Reproduce exactly, with no pictures, each line from the opening of the material down through the line containing "doc.layers.add('GEB-KONTUR-A', color=5, linetype='CONTINUOUS')".

#### INFORMATION
------

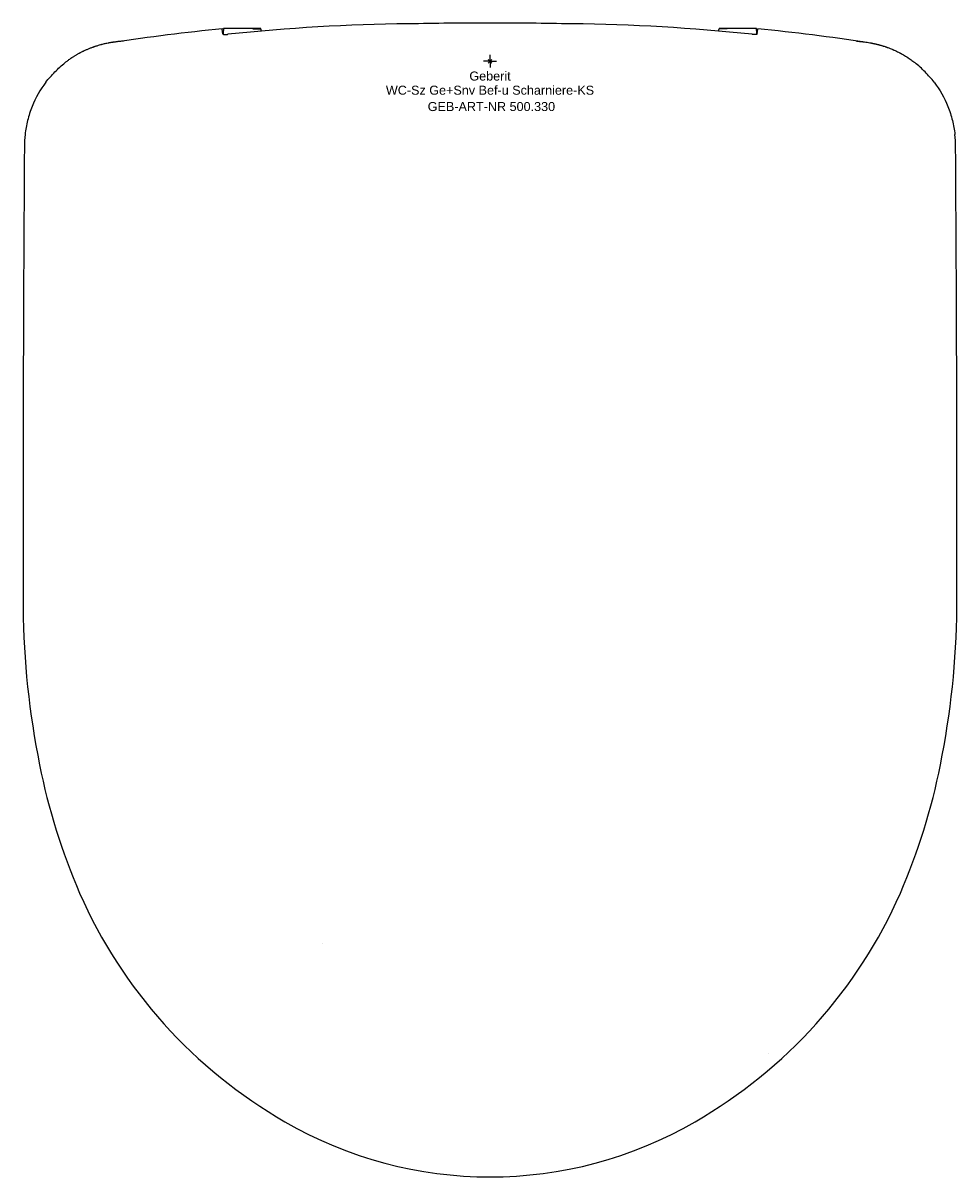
# Model space of a CAD drawing. Header units: millimetres. Extents: x -181 to 181, y -433 to 15.
import ezdxf
from ezdxf.enums import TextEntityAlignment as Align

# ---------------------------------------------------------------- set-up
doc = ezdxf.new("R2010")
doc.units = ezdxf.units.MM
doc.layers.get('0').update_dxf_attribs({"linetype": 'CONTINUOUS'})
for name, color, linetype, lineweight in [('Arbeitspunkt(DIN)', 7, 'CONTINUOUS', 25), ('GEB-ART-NR', 1, 'CONTINUOUS', 18), ('GEB-BEZUG', 2, 'CONTINUOUS', 25), ('GEB-TEXT', 5, 'CONTINUOUS', 18)]:
    doc.layers.add(name, color=color, linetype=linetype, lineweight=lineweight)
doc.layers.add('GEB-KONTUR-A', color=5, linetype='CONTINUOUS')
doc.styles.get("Standard").update_dxf_attribs({"font": 'arial.ttf'})

# ---------------------------------------------------------------- blocks, each defined once
blk = doc.blocks.new('Einfügepunkt')
at = {"layer": 'GEB-BEZUG'}
for p, q in [((-0.71, -0.71), (0.71, 0.71)), ((-0.71, 0.71), (0.71, -0.71))]:
    blk.add_line(p, q, dxfattribs=at)

msp = doc.modelspace()

# ---------------------------------------------------------------- linework, layer by layer
at = {"layer": 'Arbeitspunkt(DIN)', "ltscale": 25}
for q in [(-2.5, 0), (0, 2.5), (0, -2.5), (2.5, 0)]:
    msp.add_line((0, 0), q, dxfattribs=at)
at = {"layer": 'GEB-KONTUR-A', "ltscale": 25}
for p, q in [((-103.74, 10.6), (-103.92, 12.49)), ((-88.96, 12.75), (-103.45, 12.75)), ((103.45, 12.75), (88.96, 12.75)), ((103.74, 10.6), (103.92, 12.49))]:
    msp.add_line(p, q, dxfattribs=at)
for centre, radius, start, end in [((-25.01, -707.12), 721.65, 90.53596, 96.10341), ((-0.42, -1626.85), 1641.65, 89.98545, 91.09411), ((0.42, -1626.85), 1641.65, 88.90589, 90.01455), ((25.01, -707.12), 721.65, 83.89659, 89.46404), ((19006.84, -174.85), 19188.1, 179.5769, 180.111545), ((-19006.84, -174.85), 19188.1, 359.888455, 0.4231), ((138.83, -209.45), 320.06, 180.4933, 191.463), ((-138.83, -209.45), 320.06, 348.537, 359.5067), ((61.88, -226.46), 241.27, 191.1356, 203.5502), ((-61.88, -226.46), 241.27, 336.4498, 348.8644), ((15.25, -246.23), 190.63, 203.703, 240.1612), ((-15.25, -246.23), 190.63, 299.8387, 336.297), ((12.86, -250.9), 120, 229.5919, 229.5922), ((-16.15, -245.39), 186.99, 311.6193034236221, 311.6193066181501), ((0, -274.36), 158.64, 239.8844, 300.1158)]:
    msp.add_arc(centre, radius, start, end, dxfattribs=at)
for centre, major_axis, ratio, start_param, end_param in [((-103.45, 0), (0, -12.75), 0.017455, 3.141593, 3.748686), ((-88.96, 0), (0, 12.75), 0.017455, 6.127354, 6.283185), ((88.96, 0), (0, -12.75), 0.017455, 3.141593, 3.297408), ((103.45, 0), (0, 12.75), 0.017455, 5.676092, 6.283185), ((-135.74, -33.91), (11.82, -44.2), 0.982116, 4.33566, 4.43906), ((135.74, -33.91), (-11.82, -44.2), 0.982116, 1.844126, 1.947526)]:
    msp.add_ellipse(centre, major_axis=major_axis, ratio=ratio, start_param=start_param, end_param=end_param, dxfattribs=at)
for points in [[(-146.28, 7.37), (-132.24, 9.52), (-118.12, 11.3), (-103.96, 12.71)], [(-88.86, 11.7), (-88.88, 12.13), (-88.9, 12.43), (-88.92, 12.6)], [(88.86, 11.7), (88.88, 12.13), (88.9, 12.42), (88.92, 12.58)], [(103.96, 12.71), (118.13, 11.3), (132.26, 9.52), (146.31, 7.37)]]:
    msp.add_open_spline(points, degree=3, dxfattribs=at)
for points, knots in [([(-103.96, 12.71), (-103.95, 12.71), (-103.95, 12.69), (-103.93, 12.62), (-103.93, 12.57), (-103.92, 12.49)], [-0.2372204, -0.2372204, -0.2372204, -0.2372204, -0.1191546, -0.1191546, -0.0000014, -0.0000014, -0.0000014, -0.0000014]), ([(-103.74, 10.6), (-103.74, 10.55), (-103.69, 10.51), (-103.59, 10.48), (-103.58, 10.47), (-103.58, 10.47), (-103.57, 10.47), (-103.47, 10.44), (-103.33, 10.41), (-103.15, 10.4), (-102.97, 10.39), (-102.76, 10.38), (-102.52, 10.39), (-102.4, 10.39), (-102.26, 10.4), (-102.13, 10.41), (-102, 10.42), (-101.87, 10.43), (-101.74, 10.44)], [-0.3130753, -0.3130753, -0.3130753, -0.3130753, -0.2371236, -0.2371236, -0.2371236, -0.2321013, -0.2321013, -0.2321013, -0.1566465, -0.1566465, -0.1566465, -0.0805655, -0.0805655, -0.0805655, -0.0390204, -0.0390204, -0.0390204, -0.000002, -0.000002, -0.000002, -0.000002]), ([(-92.02, 12.58), (-91.49, 12.58), (-91.05, 12.58), (-90.53, 12.58), (-90.49, 12.58), (-90.45, 12.58), (-90.42, 12.58), (-89.94, 12.58), (-89.39, 12.59), (-88.92, 12.6)], [0, 0, 0, 0, 0.510233, 0.510233, 0.510233, 0.546354, 0.546354, 0.546354, 1, 1, 1, 1]), ([(92.02, 12.58), (91.56, 12.58), (91.14, 12.58), (90.77, 12.58), (90.36, 12.58), (90, 12.58), (89.7, 12.58), (89.39, 12.58), (89.13, 12.58), (88.92, 12.58)], [0, 0, 0, 0, 0.316323, 0.316323, 0.316323, 0.658161, 0.658161, 0.658161, 1, 1, 1, 1]), ([(103.74, 10.6), (103.74, 10.55), (103.69, 10.51), (103.59, 10.48), (103.58, 10.47), (103.58, 10.47), (103.57, 10.47), (103.47, 10.44), (103.33, 10.41), (103.15, 10.4), (102.97, 10.39), (102.76, 10.38), (102.52, 10.39), (102.4, 10.39), (102.26, 10.4), (102.13, 10.41), (102, 10.42), (101.87, 10.43), (101.74, 10.44)], [0.000001, 0.000001, 0.000001, 0.000001, 0.0760006, 0.0760006, 0.0760006, 0.081026, 0.081026, 0.081026, 0.1565284, 0.1565284, 0.1565284, 0.2326574, 0.2326574, 0.2326574, 0.2742288, 0.2742288, 0.2742288, 0.3132727, 0.3132727, 0.3132727, 0.3132727]), ([(103.96, 12.71), (103.95, 12.71), (103.95, 12.69), (103.93, 12.62), (103.93, 12.57), (103.92, 12.49)], [0.001088, 0.001088, 0.001088, 0.001088, 0.119154, 0.119154, 0.2383073, 0.2383073, 0.2383073, 0.2383073]), ([(-142.29, 7.79), (-142.54, 7.78), (-142.78, 7.76), (-143.03, 7.74), (-143.27, 7.72), (-143.51, 7.7), (-143.76, 7.68), (-144.01, 7.65), (-144.26, 7.63), (-144.51, 7.6), (-144.75, 7.58), (-144.99, 7.55), (-145.22, 7.52), (-145.24, 7.51), (-145.26, 7.51), (-145.28, 7.51), (-145.65, 7.46), (-146.03, 7.41), (-146.4, 7.35), (-146.53, 7.33), (-146.65, 7.31), (-146.78, 7.29), (-147.02, 7.25), (-147.27, 7.21), (-147.51, 7.17), (-147.59, 7.15), (-147.66, 7.14), (-147.73, 7.13), (-147.8, 7.11), (-147.87, 7.1), (-147.95, 7.09), (-148.02, 7.07), (-148.09, 7.06), (-148.17, 7.04), (-148.19, 7.04), (-148.21, 7.03), (-148.24, 7.03), (-148.54, 6.97), (-148.84, 6.91), (-149.13, 6.84), (-149.35, 6.79), (-149.56, 6.75), (-149.78, 6.7), (-150.02, 6.64), (-150.26, 6.58), (-150.49, 6.52), (-150.56, 6.5), (-150.62, 6.49), (-150.68, 6.47), (-150.74, 6.46), (-150.8, 6.44), (-150.87, 6.42), (-150.92, 6.41), (-150.99, 6.39), (-151.05, 6.37), (-151.09, 6.36), (-151.13, 6.35), (-151.17, 6.34), (-151.5, 6.25), (-151.82, 6.16), (-152.14, 6.06), (-152.32, 6.01), (-152.49, 5.96), (-152.66, 5.9), (-152.9, 5.83), (-153.14, 5.75), (-153.37, 5.67), (-153.43, 5.65), (-153.49, 5.63), (-153.55, 5.61), (-153.61, 5.59), (-153.67, 5.57), (-153.73, 5.55), (-153.79, 5.53), (-153.84, 5.51), (-153.91, 5.49), (-153.95, 5.47), (-154, 5.46), (-154.05, 5.44), (-154.16, 5.4), (-154.27, 5.36), (-154.39, 5.32), (-154.75, 5.19), (-155.1, 5.05), (-155.45, 4.91), (-155.81, 4.77), (-156.15, 4.63), (-156.49, 4.48), (-156.67, 4.41), (-156.85, 4.33), (-157.02, 4.25), (-157.34, 4.11), (-157.65, 3.96), (-157.95, 3.82), (-158.1, 3.75), (-158.24, 3.68), (-158.37, 3.61), (-158.59, 3.5), (-158.81, 3.4), (-159.02, 3.29), (-159.07, 3.26), (-159.13, 3.23), (-159.18, 3.2), (-159.23, 3.17), (-159.29, 3.14), (-159.34, 3.12), (-159.39, 3.09), (-159.44, 3.06), (-159.5, 3.03), (-159.54, 3.01), (-159.59, 2.98), (-159.64, 2.96), (-159.78, 2.88), (-159.93, 2.8), (-160.07, 2.72), (-160.21, 2.63), (-160.36, 2.55), (-160.5, 2.47), (-160.64, 2.39), (-160.78, 2.31), (-160.92, 2.23), (-161.05, 2.14), (-161.19, 2.06), (-161.33, 1.98), (-161.46, 1.89), (-161.6, 1.81), (-161.74, 1.72), (-161.87, 1.63), (-162.01, 1.55), (-162.14, 1.46), (-162.21, 1.41), (-162.28, 1.37), (-162.35, 1.32), (-162.76, 1.05), (-163.17, 0.77), (-163.56, 0.48), (-163.9, 0.23), (-164.24, -0.02), (-164.56, -0.27), (-164.68, -0.36), (-164.79, -0.45), (-164.91, -0.55)], [0, 0, 0, 0, 0.03125, 0.03125, 0.03125, 0.0617186, 0.0617186, 0.0617186, 0.0933593, 0.0933593, 0.0933593, 0.122933, 0.122933, 0.122933, 0.125, 0.125, 0.125, 0.1717711, 0.1717711, 0.1717711, 0.1875, 0.1875, 0.1875, 0.21875, 0.21875, 0.21875, 0.2283679, 0.2283679, 0.2283679, 0.2379666, 0.2379666, 0.2379666, 0.2471648, 0.2471648, 0.2471648, 0.25, 0.25, 0.25, 0.285541, 0.285541, 0.285541, 0.3125, 0.3125, 0.3125, 0.34375, 0.34375, 0.34375, 0.3526451, 0.3526451, 0.3526451, 0.3615758, 0.3615758, 0.3615758, 0.3700827, 0.3700827, 0.3700827, 0.375, 0.375, 0.375, 0.4152069, 0.4152069, 0.4152069, 0.4375, 0.4375, 0.4375, 0.46875, 0.46875, 0.46875, 0.4772785, 0.4772785, 0.4772785, 0.4858238, 0.4858238, 0.4858238, 0.4939363, 0.4939363, 0.4939363, 0.5, 0.5, 0.5, 0.5133725, 0.5133725, 0.5133725, 0.5570629, 0.5570629, 0.5570629, 0.6014697, 0.6014697, 0.6014697, 0.625, 0.625, 0.625, 0.6676532, 0.6676532, 0.6676532, 0.6875, 0.6875, 0.6875, 0.71875, 0.71875, 0.71875, 0.7271527, 0.7271527, 0.7271527, 0.7355673, 0.7355673, 0.7355673, 0.7435947, 0.7435947, 0.7435947, 0.75, 0.75, 0.75, 0.769493, 0.769493, 0.769493, 0.7890392, 0.7890392, 0.7890392, 0.8085432, 0.8085432, 0.8085432, 0.8278217, 0.8278217, 0.8278217, 0.8469035, 0.8469035, 0.8469035, 0.8656237, 0.8656237, 0.8656237, 0.875, 0.875, 0.875, 0.9318865, 0.9318865, 0.9318865, 0.9818562, 0.9818562, 0.9818562, 1, 1, 1, 1]), ([(142.29, 7.79), (142.47, 7.78), (142.66, 7.77), (142.86, 7.75), (143.06, 7.74), (143.26, 7.72), (143.48, 7.7), (143.69, 7.69), (143.91, 7.66), (144.13, 7.64), (144.23, 7.63), (144.32, 7.62), (144.42, 7.61), (144.49, 7.6), (144.57, 7.59), (144.65, 7.59), (144.72, 7.58), (144.8, 7.57), (144.88, 7.56), (144.96, 7.55), (145.04, 7.54), (145.11, 7.53), (145.17, 7.52), (145.22, 7.52), (145.28, 7.51), (145.67, 7.46), (146.06, 7.41), (146.45, 7.34), (146.8, 7.29), (147.15, 7.23), (147.5, 7.17), (147.58, 7.15), (147.65, 7.14), (147.73, 7.13), (147.81, 7.11), (147.89, 7.1), (147.97, 7.08), (148.05, 7.07), (148.13, 7.05), (148.2, 7.04), (148.21, 7.03), (148.23, 7.03), (148.24, 7.03), (148.37, 7), (148.51, 6.97), (148.66, 6.94), (148.8, 6.91), (148.94, 6.88), (149.08, 6.85), (149.23, 6.82), (149.37, 6.79), (149.52, 6.76), (149.66, 6.72), (149.8, 6.69), (149.95, 6.65), (150.09, 6.62), (150.24, 6.58), (150.38, 6.55), (150.52, 6.51), (150.67, 6.48), (150.81, 6.44), (150.93, 6.4), (151.06, 6.37), (151.18, 6.34), (151.31, 6.3), (151.43, 6.27), (151.56, 6.23), (151.68, 6.2), (151.81, 6.16), (151.93, 6.12), (152.06, 6.09), (152.19, 6.05), (152.31, 6.01), (152.43, 5.98), (152.55, 5.94), (152.66, 5.9), (152.91, 5.83), (153.14, 5.75), (153.38, 5.67), (153.44, 5.65), (153.5, 5.63), (153.56, 5.61), (153.62, 5.59), (153.68, 5.57), (153.74, 5.55), (153.8, 5.53), (153.86, 5.51), (153.92, 5.49), (153.96, 5.47), (154.01, 5.46), (154.05, 5.44), (154.16, 5.4), (154.27, 5.36), (154.39, 5.32), (154.69, 5.21), (154.99, 5.1), (155.28, 4.98), (155.57, 4.87), (155.86, 4.75), (156.13, 4.64), (156.16, 4.62), (156.19, 4.61), (156.21, 4.6), (156.28, 4.58), (156.34, 4.55), (156.4, 4.53), (156.45, 4.5), (156.51, 4.47), (156.57, 4.45), (156.63, 4.42), (156.69, 4.4), (156.75, 4.37), (156.79, 4.35), (156.83, 4.34), (156.88, 4.32), (157.18, 4.18), (157.48, 4.04), (157.77, 3.9), (158.07, 3.77), (158.35, 3.62), (158.63, 3.48), (158.75, 3.42), (158.87, 3.36), (158.99, 3.3), (159.05, 3.27), (159.1, 3.24), (159.16, 3.21), (159.21, 3.18), (159.27, 3.15), (159.33, 3.12), (159.38, 3.09), (159.43, 3.06), (159.49, 3.03), (159.54, 3.01), (159.59, 2.98), (159.64, 2.96), (159.92, 2.8), (160.21, 2.64), (160.48, 2.48), (160.76, 2.32), (161.03, 2.16), (161.29, 2), (161.43, 1.91), (161.56, 1.83), (161.69, 1.75), (161.75, 1.71), (161.8, 1.68), (161.85, 1.65), (161.9, 1.62), (161.95, 1.58), (162, 1.55), (162.05, 1.52), (162.1, 1.49), (162.15, 1.45), (162.2, 1.42), (162.25, 1.39), (162.31, 1.35), (162.31, 1.35), (162.32, 1.34), (162.32, 1.34), (162.58, 1.17), (162.83, 1), (163.08, 0.82), (163.33, 0.65), (163.57, 0.48), (163.81, 0.3), (164.04, 0.13), (164.27, -0.05), (164.5, -0.22), (164.64, -0.33), (164.77, -0.44), (164.91, -0.55)], [0, 0, 0, 0, 0.0281158, 0.0281158, 0.0281158, 0.055717, 0.055717, 0.055717, 0.0825538, 0.0825538, 0.0825538, 0.09375, 0.09375, 0.09375, 0.1019452, 0.1019452, 0.1019452, 0.1100428, 0.1100428, 0.1100428, 0.1184541, 0.1184541, 0.1184541, 0.125, 0.125, 0.125, 0.1743505, 0.1743505, 0.1743505, 0.21875, 0.21875, 0.21875, 0.2284419, 0.2284419, 0.2284419, 0.238134, 0.238134, 0.238134, 0.2482382, 0.2482382, 0.2482382, 0.25, 0.25, 0.25, 0.2691272, 0.2691272, 0.2691272, 0.2875425, 0.2875425, 0.2875425, 0.3055257, 0.3055257, 0.3055257, 0.3232094, 0.3232094, 0.3232094, 0.3408606, 0.3408606, 0.3408606, 0.3587045, 0.3587045, 0.3587045, 0.375, 0.375, 0.375, 0.3910586, 0.3910586, 0.3910586, 0.4068889, 0.4068889, 0.4068889, 0.4226285, 0.4226285, 0.4226285, 0.4375, 0.4375, 0.4375, 0.46875, 0.46875, 0.46875, 0.477439, 0.477439, 0.477439, 0.4861632, 0.4861632, 0.4861632, 0.4944879, 0.4944879, 0.4944879, 0.5, 0.5, 0.5, 0.5137823, 0.5137823, 0.5137823, 0.5516972, 0.5516972, 0.5516972, 0.5900638, 0.5900638, 0.5900638, 0.59375, 0.59375, 0.59375, 0.6023998, 0.6023998, 0.6023998, 0.6110705, 0.6110705, 0.6110705, 0.6193673, 0.6193673, 0.6193673, 0.625, 0.625, 0.625, 0.6633892, 0.6633892, 0.6633892, 0.7021704, 0.7021704, 0.7021704, 0.71875, 0.71875, 0.71875, 0.7271042, 0.7271042, 0.7271042, 0.7354764, 0.7354764, 0.7354764, 0.7434965, 0.7434965, 0.7434965, 0.75, 0.75, 0.75, 0.787097, 0.787097, 0.787097, 0.8245142, 0.8245142, 0.8245142, 0.84375, 0.84375, 0.84375, 0.8515701, 0.8515701, 0.8515701, 0.8594112, 0.8594112, 0.8594112, 0.8672056, 0.8672056, 0.8672056, 0.8745157, 0.8745157, 0.8745157, 0.875, 0.875, 0.875, 0.9092606, 0.9092606, 0.9092606, 0.9436791, 0.9436791, 0.9436791, 0.9784061, 0.9784061, 0.9784061, 1, 1, 1, 1]), ([(-172.41, -8.18), (-171.33, -6.78), (-170.16, -5.44), (-167.66, -2.89), (-166.32, -1.68), (-164.91, -0.55)], [0.000004, 0.000004, 0.000004, 0.000004, 0.560719, 0.560719, 1.121432, 1.121432, 1.121432, 1.121432]), ([(172.41, -8.18), (171.33, -6.78), (170.16, -5.44), (167.66, -2.89), (166.32, -1.68), (164.91, -0.55)], [-1.123295, -1.123295, -1.123295, -1.123295, -0.561648, -0.561648, -0.000001, -0.000001, -0.000001, -0.000001]), ([(-172.41, -8.18), (-174.58, -11), (-176.39, -14.15), (-178.47, -19.33), (-179.05, -21.14), (-179.94, -24.79), (-180.26, -26.61), (-180.46, -28.44)], [0.000004, 0.000004, 0.000004, 0.000004, 1.133496, 1.133496, 1.712185, 1.712185, 2.266987, 2.266987, 2.266987, 2.266987]), ([(172.41, -8.18), (174.58, -11), (176.39, -14.15), (178.47, -19.33), (179.05, -21.14), (179.94, -24.79), (180.26, -26.61), (180.46, -28.44)], [-2.265702, -2.265702, -2.265702, -2.265702, -1.132851, -1.132851, -0.55449, -0.55449, -0.000001, -0.000001, -0.000001, -0.000001])]:
    msp.add_open_spline(points, degree=3, knots=knots, dxfattribs=at)

# ---------------------------------------------------------------- block references
at = {"ltscale": 25}
msp.add_blockref('Einfügepunkt', (0, 0), dxfattribs=at)

# ---------------------------------------------------------------- texts
at = {"layer": 'GEB-ART-NR'}
msp.add_text('GEB-ART-NR 500.330', height=3.5, dxfattribs=at).set_placement((0.55, -19.34), align=Align.CENTER)
at = {"layer": 'GEB-TEXT'}
for s, p in [('Geberit', (0, -7.5)), ('WC-Sz Ge+Snv Bef-u Scharniere-KS', (0, -13))]:
    msp.add_text(s, height=3.5, dxfattribs=at).set_placement(p, align=Align.CENTER)

doc.saveas('drawing.dxf')

------

#### ANSWER AREA
# Model space of a CAD drawing. Header units: millimetres. Extents: x -181 to 181, y -433 to 15.
import ezdxf
from ezdxf.enums import TextEntityAlignment as Align

# ---------------------------------------------------------------- set-up
doc = ezdxf.new("R2010")
doc.units = ezdxf.units.MM
doc.layers.get('0').update_dxf_attribs({"linetype": 'CONTINUOUS'})
for name, color, linetype, lineweight in [('Arbeitspunkt(DIN)', 7, 'CONTINUOUS', 25), ('GEB-ART-NR', 1, 'CONTINUOUS', 18), ('GEB-BEZUG', 2, 'CONTINUOUS', 25), ('GEB-TEXT', 5, 'CONTINUOUS', 18)]:
    doc.layers.add(name, color=color, linetype=linetype, lineweight=lineweight)
doc.layers.add('GEB-KONTUR-A', color=5, linetype='CONTINUOUS')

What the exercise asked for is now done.